§ **TASK DETAILS**
With images excluded, write out each entry below exactly as given.

§ **THE RECORDS**
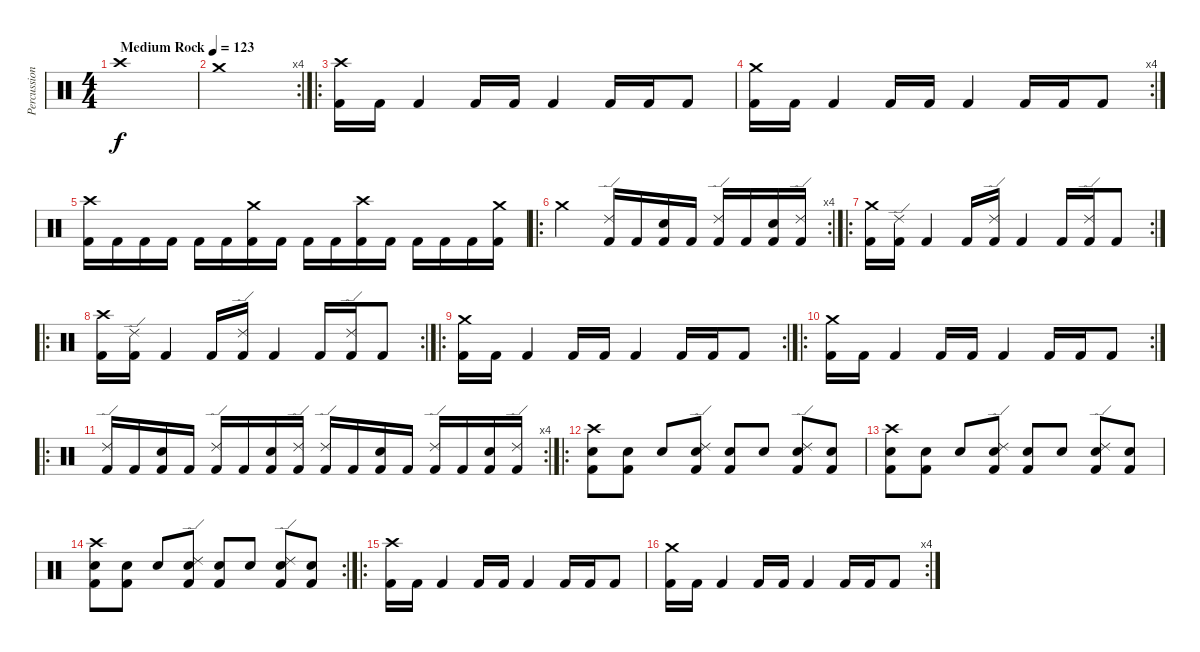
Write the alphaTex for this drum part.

\track ("Percussion" "Percussion") {instrument percussion}
\staff {score}
\articulation defaults
\ts (4 4)
\tempo (123 "Medium Rock")
\clef neutral
\ks c "Crash high (hit)".1{dy f}
|
\rc 4 "Crash medium (hit)".1
|
\ro
("Crash high (hit)" "Kick (hit) 2").16 "Kick (hit) 2".16 "Kick (hit) 2".4 "Kick (hit) 2".16 "Kick (hit) 2".16 "Kick (hit) 2".4 "Kick (hit) 2".16 "Kick (hit) 2".16 "Kick (hit) 2".8 |
\rc 4
("Crash medium (hit)" "Kick (hit) 2").16 "Kick (hit) 2".16 "Kick (hit) 2".4 "Kick (hit) 2".16 "Kick (hit) 2".16 "Kick (hit) 2".4 "Kick (hit) 2".16 "Kick (hit) 2".16 "Kick (hit) 2".8 |
("Crash high (hit)" "Kick (hit) 2").16 "Kick (hit) 2".16 "Kick (hit) 2".16 "Kick (hit) 2".16 "Kick (hit) 2".16 "Kick (hit) 2".16 ("Crash medium (hit)" "Kick (hit) 2").16 "Kick (hit) 2".16 "Kick (hit) 2".16 "Kick (hit) 2".16 ("Crash high (hit)" "Kick (hit) 2").16 "Kick (hit) 2".16 "Kick (hit) 2".16 "Kick (hit) 2".16 "Kick (hit) 2".16 ("Crash medium (hit)" "Kick (hit) 2").16 |
\ro
\rc 4 "Crash medium (hit)".2
("Ride (edge) 2" "Kick (hit) 2").16 "Kick (hit) 2".16 ("Electric Snare (hit)" "Kick (hit) 2").16 "Kick (hit) 2".16 ("Ride (edge) 2" "Kick (hit) 2").16 "Kick (hit) 2".16 ("Electric Snare (hit)" "Kick (hit) 2").16 ("Ride (edge) 2" "Kick (hit) 2").16 |
\ro
\rc 2
("Crash medium (hit)" "Kick (hit) 2").16 ("Ride (edge) 2" "Kick (hit) 2").16 "Kick (hit) 2".4 "Kick (hit) 2".16 ("Ride (edge) 2" "Kick (hit) 2").16 "Kick (hit) 2".4 "Kick (hit) 2".16 ("Ride (edge) 2" "Kick (hit) 2").16 "Kick (hit) 2".8 |
\ro
\rc 2
("Crash high (hit)" "Kick (hit) 2").16 ("Ride (edge) 2" "Kick (hit) 2").16 "Kick (hit) 2".4 "Kick (hit) 2".16 ("Ride (edge) 2" "Kick (hit) 2").16 "Kick (hit) 2".4 "Kick (hit) 2".16 ("Ride (edge) 2" "Kick (hit) 2").16 "Kick (hit) 2".8 |
\ro
\rc 2
("Crash medium (hit)" "Kick (hit) 2").16 "Kick (hit) 2".16 "Kick (hit) 2".4 "Kick (hit) 2".16 "Kick (hit) 2".16 "Kick (hit) 2".4 "Kick (hit) 2".16 "Kick (hit) 2".16 "Kick (hit) 2".8 |
\ro
\rc 2
("Crash medium (hit)" "Kick (hit) 2").16 "Kick (hit) 2".16 "Kick (hit) 2".4 "Kick (hit) 2".16 "Kick (hit) 2".16 "Kick (hit) 2".4 "Kick (hit) 2".16 "Kick (hit) 2".16 "Kick (hit) 2".8 |
\ro
\rc 4
("Ride (edge) 2" "Kick (hit) 2").16 "Kick (hit) 2".16 ("Electric Snare (hit)" "Kick (hit) 2").16 "Kick (hit) 2".16 ("Ride (edge) 2" "Kick (hit) 2").16 "Kick (hit) 2".16 ("Electric Snare (hit)" "Kick (hit) 2").16 ("Ride (edge) 2" "Kick (hit) 2").16 ("Ride (edge) 2" "Kick (hit) 2").16 "Kick (hit) 2".16 ("Electric Snare (hit)" "Kick (hit) 2").16 "Kick (hit) 2".16 ("Ride (edge) 2" "Kick (hit) 2").16 "Kick (hit) 2".16 ("Electric Snare (hit)" "Kick (hit) 2").16 ("Ride (edge) 2" "Kick (hit) 2").16 |
\ro
("Crash high (hit)" "Electric Snare (hit)" "Kick (hit) 2").8 ("Electric Snare (hit)" "Kick (hit) 2").8 "Electric Snare (hit)".8 ("Ride (edge) 2" "Electric Snare (hit)" "Kick (hit) 2").8 ("Electric Snare (hit)" "Kick (hit) 2").8 "Electric Snare (hit)".8 ("Ride (edge) 2" "Electric Snare (hit)" "Kick (hit) 2").8 ("Electric Snare (hit)" "Kick (hit) 2").8 |
("Crash high (hit)" "Electric Snare (hit)" "Kick (hit) 2").8 ("Electric Snare (hit)" "Kick (hit) 2").8 "Electric Snare (hit)".8 ("Ride (edge) 2" "Electric Snare (hit)" "Kick (hit) 2").8 ("Electric Snare (hit)" "Kick (hit) 2").8 "Electric Snare (hit)".8 ("Ride (edge) 2" "Electric Snare (hit)" "Kick (hit) 2").8 ("Electric Snare (hit)" "Kick (hit) 2").8 |
\rc 2
("Crash high (hit)" "Electric Snare (hit)" "Kick (hit) 2").8 ("Electric Snare (hit)" "Kick (hit) 2").8 "Electric Snare (hit)".8 ("Ride (edge) 2" "Electric Snare (hit)" "Kick (hit) 2").8 ("Electric Snare (hit)" "Kick (hit) 2").8 "Electric Snare (hit)".8 ("Ride (edge) 2" "Electric Snare (hit)" "Kick (hit) 2").8 ("Electric Snare (hit)" "Kick (hit) 2").8 |
\ro
("Crash high (hit)" "Kick (hit) 2").16 "Kick (hit) 2".16 "Kick (hit) 2".4 "Kick (hit) 2".16 "Kick (hit) 2".16 "Kick (hit) 2".4 "Kick (hit) 2".16 "Kick (hit) 2".16 "Kick (hit) 2".8 |
\rc 4
("Crash medium (hit)" "Kick (hit) 2").16 "Kick (hit) 2".16 "Kick (hit) 2".4 "Kick (hit) 2".16 "Kick (hit) 2".16 "Kick (hit) 2".4 "Kick (hit) 2".16 "Kick (hit) 2".16 "Kick (hit) 2".8

§ **YOUR SOLUTION**
Write the alphaTex for this drum part.

\track ("Percussion" "Percussion") {instrument percussion}
\staff {score}
\articulation defaults
\ts (4 4)
\tempo (123 "Medium Rock")
\clef neutral
\ks c "Crash high (hit)".1{dy f}
|
\rc 4 "Crash medium (hit)".1
|
\ro
("Crash high (hit)" "Kick (hit) 2").16 "Kick (hit) 2".16 "Kick (hit) 2".4 "Kick (hit) 2".16 "Kick (hit) 2".16 "Kick (hit) 2".4 "Kick (hit) 2".16 "Kick (hit) 2".16 "Kick (hit) 2".8 |
\rc 4
("Crash medium (hit)" "Kick (hit) 2").16 "Kick (hit) 2".16 "Kick (hit) 2".4 "Kick (hit) 2".16 "Kick (hit) 2".16 "Kick (hit) 2".4 "Kick (hit) 2".16 "Kick (hit) 2".16 "Kick (hit) 2".8 |
("Crash high (hit)" "Kick (hit) 2").16 "Kick (hit) 2".16 "Kick (hit) 2".16 "Kick (hit) 2".16 "Kick (hit) 2".16 "Kick (hit) 2".16 ("Crash medium (hit)" "Kick (hit) 2").16 "Kick (hit) 2".16 "Kick (hit) 2".16 "Kick (hit) 2".16 ("Crash high (hit)" "Kick (hit) 2").16 "Kick (hit) 2".16 "Kick (hit) 2".16 "Kick (hit) 2".16 "Kick (hit) 2".16 ("Crash medium (hit)" "Kick (hit) 2").16 |
\ro
\rc 4 "Crash medium (hit)".2
("Ride (edge) 2" "Kick (hit) 2").16 "Kick (hit) 2".16 ("Electric Snare (hit)" "Kick (hit) 2").16 "Kick (hit) 2".16 ("Ride (edge) 2" "Kick (hit) 2").16 "Kick (hit) 2".16 ("Electric Snare (hit)" "Kick (hit) 2").16 ("Ride (edge) 2" "Kick (hit) 2").16 |
\ro
\rc 2
("Crash medium (hit)" "Kick (hit) 2").16 ("Ride (edge) 2" "Kick (hit) 2").16 "Kick (hit) 2".4 "Kick (hit) 2".16 ("Ride (edge) 2" "Kick (hit) 2").16 "Kick (hit) 2".4 "Kick (hit) 2".16 ("Ride (edge) 2" "Kick (hit) 2").16 "Kick (hit) 2".8 |
\ro
\rc 2
("Crash high (hit)" "Kick (hit) 2").16 ("Ride (edge) 2" "Kick (hit) 2").16 "Kick (hit) 2".4 "Kick (hit) 2".16 ("Ride (edge) 2" "Kick (hit) 2").16 "Kick (hit) 2".4 "Kick (hit) 2".16 ("Ride (edge) 2" "Kick (hit) 2").16 "Kick (hit) 2".8 |
\ro
\rc 2
("Crash medium (hit)" "Kick (hit) 2").16 "Kick (hit) 2".16 "Kick (hit) 2".4 "Kick (hit) 2".16 "Kick (hit) 2".16 "Kick (hit) 2".4 "Kick (hit) 2".16 "Kick (hit) 2".16 "Kick (hit) 2".8 |
\ro
\rc 2
("Crash medium (hit)" "Kick (hit) 2").16 "Kick (hit) 2".16 "Kick (hit) 2".4 "Kick (hit) 2".16 "Kick (hit) 2".16 "Kick (hit) 2".4 "Kick (hit) 2".16 "Kick (hit) 2".16 "Kick (hit) 2".8 |
\ro
\rc 4
("Ride (edge) 2" "Kick (hit) 2").16 "Kick (hit) 2".16 ("Electric Snare (hit)" "Kick (hit) 2").16 "Kick (hit) 2".16 ("Ride (edge) 2" "Kick (hit) 2").16 "Kick (hit) 2".16 ("Electric Snare (hit)" "Kick (hit) 2").16 ("Ride (edge) 2" "Kick (hit) 2").16 ("Ride (edge) 2" "Kick (hit) 2").16 "Kick (hit) 2".16 ("Electric Snare (hit)" "Kick (hit) 2").16 "Kick (hit) 2".16 ("Ride (edge) 2" "Kick (hit) 2").16 "Kick (hit) 2".16 ("Electric Snare (hit)" "Kick (hit) 2").16 ("Ride (edge) 2" "Kick (hit) 2").16 |
\ro
("Crash high (hit)" "Electric Snare (hit)" "Kick (hit) 2").8 ("Electric Snare (hit)" "Kick (hit) 2").8 "Electric Snare (hit)".8 ("Ride (edge) 2" "Electric Snare (hit)" "Kick (hit) 2").8 ("Electric Snare (hit)" "Kick (hit) 2").8 "Electric Snare (hit)".8 ("Ride (edge) 2" "Electric Snare (hit)" "Kick (hit) 2").8 ("Electric Snare (hit)" "Kick (hit) 2").8 |
("Crash high (hit)" "Electric Snare (hit)" "Kick (hit) 2").8 ("Electric Snare (hit)" "Kick (hit) 2").8 "Electric Snare (hit)".8 ("Ride (edge) 2" "Electric Snare (hit)" "Kick (hit) 2").8 ("Electric Snare (hit)" "Kick (hit) 2").8 "Electric Snare (hit)".8 ("Ride (edge) 2" "Electric Snare (hit)" "Kick (hit) 2").8 ("Electric Snare (hit)" "Kick (hit) 2").8 |
\rc 2
("Crash high (hit)" "Electric Snare (hit)" "Kick (hit) 2").8 ("Electric Snare (hit)" "Kick (hit) 2").8 "Electric Snare (hit)".8 ("Ride (edge) 2" "Electric Snare (hit)" "Kick (hit) 2").8 ("Electric Snare (hit)" "Kick (hit) 2").8 "Electric Snare (hit)".8 ("Ride (edge) 2" "Electric Snare (hit)" "Kick (hit) 2").8 ("Electric Snare (hit)" "Kick (hit) 2").8 |
\ro
("Crash high (hit)" "Kick (hit) 2").16 "Kick (hit) 2".16 "Kick (hit) 2".4 "Kick (hit) 2".16 "Kick (hit) 2".16 "Kick (hit) 2".4 "Kick (hit) 2".16 "Kick (hit) 2".16 "Kick (hit) 2".8 |
\rc 4
("Crash medium (hit)" "Kick (hit) 2").16 "Kick (hit) 2".16 "Kick (hit) 2".4 "Kick (hit) 2".16 "Kick (hit) 2".16 "Kick (hit) 2".4 "Kick (hit) 2".16 "Kick (hit) 2".16 "Kick (hit) 2".8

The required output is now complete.